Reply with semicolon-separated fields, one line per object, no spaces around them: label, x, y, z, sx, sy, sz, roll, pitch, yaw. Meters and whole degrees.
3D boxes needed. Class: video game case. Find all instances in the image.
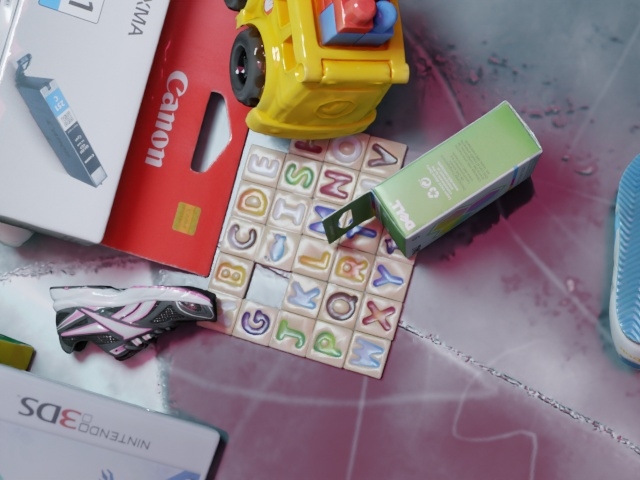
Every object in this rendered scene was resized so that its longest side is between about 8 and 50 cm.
video game case;-0.268;0.294;1.141;0.036;0.300;0.329;11;80;54

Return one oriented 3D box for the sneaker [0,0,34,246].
sneaker;-0.272;-0.141;1.276;0.152;0.114;0.305;8;83;6

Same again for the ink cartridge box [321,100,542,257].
ink cartridge box;0.107;-0.041;1.200;0.209;0.109;0.062;-33;79;-3

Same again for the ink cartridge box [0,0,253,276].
ink cartridge box;-0.188;-0.137;1.230;0.261;0.066;0.296;17;82;-17

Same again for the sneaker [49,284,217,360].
sneaker;-0.186;0.083;1.258;0.178;0.072;0.077;-1;89;18

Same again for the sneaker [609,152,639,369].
sneaker;0.315;0.011;1.184;0.087;0.092;0.229;13;63;12

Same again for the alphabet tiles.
alphabet tiles;0.000;0.000;1.267;0.198;0.009;0.237;15;84;11

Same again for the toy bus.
toy bus;0.006;-0.229;1.182;0.149;0.211;0.220;-3;77;-22

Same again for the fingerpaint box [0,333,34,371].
fingerpaint box;-0.467;0.219;1.076;0.163;0.445;0.371;17;84;13

......

From the first line to the last, copy the records above exactly and drop any pictures.

Reply with semicolon-separated fields, one line per object, no spaces around them: label, x, y, z, sx, sy, sz, roll, pitch, yaw. Meters and whole degrees.
3D boxes needed. Class: video game case. Find all instances in the image.
Every object in this rendered scene was resized so that its longest side is between about 8 and 50 cm.
video game case;-0.268;0.294;1.141;0.036;0.300;0.329;11;80;54

Return one oriented 3D box for the sneaker [0,0,34,246].
sneaker;-0.272;-0.141;1.276;0.152;0.114;0.305;8;83;6

Same again for the ink cartridge box [321,100,542,257].
ink cartridge box;0.107;-0.041;1.200;0.209;0.109;0.062;-33;79;-3

Same again for the ink cartridge box [0,0,253,276].
ink cartridge box;-0.188;-0.137;1.230;0.261;0.066;0.296;17;82;-17

Same again for the sneaker [49,284,217,360].
sneaker;-0.186;0.083;1.258;0.178;0.072;0.077;-1;89;18

Same again for the sneaker [609,152,639,369].
sneaker;0.315;0.011;1.184;0.087;0.092;0.229;13;63;12

Same again for the alphabet tiles.
alphabet tiles;0.000;0.000;1.267;0.198;0.009;0.237;15;84;11

Same again for the toy bus.
toy bus;0.006;-0.229;1.182;0.149;0.211;0.220;-3;77;-22

Same again for the fingerpaint box [0,333,34,371].
fingerpaint box;-0.467;0.219;1.076;0.163;0.445;0.371;17;84;13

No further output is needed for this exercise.